■ **WHAT THE TASK REQUIRES**: Please give every entry again, exactly as it reads.

■ **DATA SECTION**:
►

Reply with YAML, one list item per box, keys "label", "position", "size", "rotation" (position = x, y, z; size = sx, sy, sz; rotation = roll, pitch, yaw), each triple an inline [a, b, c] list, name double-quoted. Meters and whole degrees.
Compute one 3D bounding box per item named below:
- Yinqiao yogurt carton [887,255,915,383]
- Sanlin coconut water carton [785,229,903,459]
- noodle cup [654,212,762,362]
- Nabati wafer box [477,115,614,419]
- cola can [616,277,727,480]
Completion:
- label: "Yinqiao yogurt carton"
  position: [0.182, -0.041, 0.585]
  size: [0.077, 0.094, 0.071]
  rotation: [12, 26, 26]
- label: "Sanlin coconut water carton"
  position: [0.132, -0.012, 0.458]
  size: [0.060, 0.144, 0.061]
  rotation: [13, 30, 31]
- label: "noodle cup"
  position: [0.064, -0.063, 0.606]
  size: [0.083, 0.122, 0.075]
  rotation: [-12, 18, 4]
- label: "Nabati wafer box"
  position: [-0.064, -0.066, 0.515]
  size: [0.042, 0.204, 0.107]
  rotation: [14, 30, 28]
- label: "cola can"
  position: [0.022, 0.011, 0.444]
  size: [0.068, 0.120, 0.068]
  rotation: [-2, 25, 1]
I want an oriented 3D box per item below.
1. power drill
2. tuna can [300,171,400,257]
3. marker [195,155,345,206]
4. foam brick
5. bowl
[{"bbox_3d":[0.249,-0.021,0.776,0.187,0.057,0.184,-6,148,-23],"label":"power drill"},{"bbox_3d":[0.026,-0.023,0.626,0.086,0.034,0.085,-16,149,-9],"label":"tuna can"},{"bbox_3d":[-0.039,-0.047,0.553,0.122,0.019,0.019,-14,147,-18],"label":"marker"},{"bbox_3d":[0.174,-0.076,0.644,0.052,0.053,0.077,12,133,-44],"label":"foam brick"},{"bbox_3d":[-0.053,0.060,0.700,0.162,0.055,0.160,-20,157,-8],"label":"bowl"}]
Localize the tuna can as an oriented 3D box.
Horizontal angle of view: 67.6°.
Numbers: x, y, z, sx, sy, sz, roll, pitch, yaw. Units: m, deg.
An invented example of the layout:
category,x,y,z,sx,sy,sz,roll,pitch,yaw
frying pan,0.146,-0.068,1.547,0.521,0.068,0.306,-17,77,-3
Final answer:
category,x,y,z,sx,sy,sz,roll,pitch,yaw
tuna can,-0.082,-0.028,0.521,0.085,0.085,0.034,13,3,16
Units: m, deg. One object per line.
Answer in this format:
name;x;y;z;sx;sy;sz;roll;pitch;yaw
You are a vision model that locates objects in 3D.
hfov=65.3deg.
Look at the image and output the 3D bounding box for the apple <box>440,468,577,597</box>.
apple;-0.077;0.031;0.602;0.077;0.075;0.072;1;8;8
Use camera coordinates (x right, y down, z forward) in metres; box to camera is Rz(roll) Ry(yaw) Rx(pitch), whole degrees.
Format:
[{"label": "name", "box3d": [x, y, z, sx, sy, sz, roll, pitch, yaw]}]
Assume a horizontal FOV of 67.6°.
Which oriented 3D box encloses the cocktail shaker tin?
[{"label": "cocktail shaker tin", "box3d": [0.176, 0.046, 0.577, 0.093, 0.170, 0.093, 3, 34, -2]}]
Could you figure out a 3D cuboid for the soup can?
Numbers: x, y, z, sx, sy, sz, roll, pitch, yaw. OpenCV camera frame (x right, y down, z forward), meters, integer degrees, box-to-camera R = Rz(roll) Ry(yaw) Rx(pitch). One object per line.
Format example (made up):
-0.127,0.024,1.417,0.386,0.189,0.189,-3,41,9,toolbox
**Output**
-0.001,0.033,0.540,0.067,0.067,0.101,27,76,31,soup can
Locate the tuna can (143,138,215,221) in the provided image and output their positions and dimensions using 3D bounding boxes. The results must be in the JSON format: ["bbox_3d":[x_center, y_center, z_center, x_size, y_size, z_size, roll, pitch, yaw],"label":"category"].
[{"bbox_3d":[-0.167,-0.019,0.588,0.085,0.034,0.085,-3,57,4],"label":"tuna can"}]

◄

■ **TASK ANSWER**:
Reply with YAML, one list item per box, keys "label", "position", "size", "rotation" (position = x, y, z; size = sx, sy, sz; rotation = roll, pitch, yaw), each triple an inline [a, b, c] list, name double-quoted. Meters and whole degrees.
Compute one 3D bounding box per item named below:
- Yinqiao yogurt carton [887,255,915,383]
- Sanlin coconut water carton [785,229,903,459]
- noodle cup [654,212,762,362]
- Nabati wafer box [477,115,614,419]
- cola can [616,277,727,480]
Completion:
- label: "Yinqiao yogurt carton"
  position: [0.182, -0.041, 0.585]
  size: [0.077, 0.094, 0.071]
  rotation: [12, 26, 26]
- label: "Sanlin coconut water carton"
  position: [0.132, -0.012, 0.458]
  size: [0.060, 0.144, 0.061]
  rotation: [13, 30, 31]
- label: "noodle cup"
  position: [0.064, -0.063, 0.606]
  size: [0.083, 0.122, 0.075]
  rotation: [-12, 18, 4]
- label: "Nabati wafer box"
  position: [-0.064, -0.066, 0.515]
  size: [0.042, 0.204, 0.107]
  rotation: [14, 30, 28]
- label: "cola can"
  position: [0.022, 0.011, 0.444]
  size: [0.068, 0.120, 0.068]
  rotation: [-2, 25, 1]
I want an oriented 3D box per item below.
1. power drill
2. tuna can [300,171,400,257]
3. marker [195,155,345,206]
4. foam brick
5. bowl
[{"bbox_3d":[0.249,-0.021,0.776,0.187,0.057,0.184,-6,148,-23],"label":"power drill"},{"bbox_3d":[0.026,-0.023,0.626,0.086,0.034,0.085,-16,149,-9],"label":"tuna can"},{"bbox_3d":[-0.039,-0.047,0.553,0.122,0.019,0.019,-14,147,-18],"label":"marker"},{"bbox_3d":[0.174,-0.076,0.644,0.052,0.053,0.077,12,133,-44],"label":"foam brick"},{"bbox_3d":[-0.053,0.060,0.700,0.162,0.055,0.160,-20,157,-8],"label":"bowl"}]
Localize the tuna can as an oriented 3D box.
Horizontal angle of view: 67.6°.
Numbers: x, y, z, sx, sy, sz, roll, pitch, yaw. Units: m, deg.
An invented example of the layout:
category,x,y,z,sx,sy,sz,roll,pitch,yaw
frying pan,0.146,-0.068,1.547,0.521,0.068,0.306,-17,77,-3
Final answer:
category,x,y,z,sx,sy,sz,roll,pitch,yaw
tuna can,-0.082,-0.028,0.521,0.085,0.085,0.034,13,3,16
Units: m, deg. One object per line.
Answer in this format:
name;x;y;z;sx;sy;sz;roll;pitch;yaw
You are a vision model that locates objects in 3D.
hfov=65.3deg.
Look at the image and output the 3D bounding box for the apple <box>440,468,577,597</box>.
apple;-0.077;0.031;0.602;0.077;0.075;0.072;1;8;8
Use camera coordinates (x right, y down, z forward) in metres; box to camera is Rz(roll) Ry(yaw) Rx(pitch), whole degrees.
Format:
[{"label": "name", "box3d": [x, y, z, sx, sy, sz, roll, pitch, yaw]}]
Assume a horizontal FOV of 67.6°.
Which oriented 3D box encloses the cocktail shaker tin?
[{"label": "cocktail shaker tin", "box3d": [0.176, 0.046, 0.577, 0.093, 0.170, 0.093, 3, 34, -2]}]
Could you figure out a 3D cuboid for the soup can?
Numbers: x, y, z, sx, sy, sz, roll, pitch, yaw. OpenCV camera frame (x right, y down, z forward), meters, integer degrees, box-to-camera R = Rz(roll) Ry(yaw) Rx(pitch). One object per line.
Format example (made up):
-0.127,0.024,1.417,0.386,0.189,0.189,-3,41,9,toolbox
**Output**
-0.001,0.033,0.540,0.067,0.067,0.101,27,76,31,soup can
Locate the tuna can (143,138,215,221) in the provided image and output their positions and dimensions using 3D bounding boxes. The results must be in the JSON format: ["bbox_3d":[x_center, y_center, z_center, x_size, y_size, z_size, roll, pitch, yaw],"label":"category"].
[{"bbox_3d":[-0.167,-0.019,0.588,0.085,0.034,0.085,-3,57,4],"label":"tuna can"}]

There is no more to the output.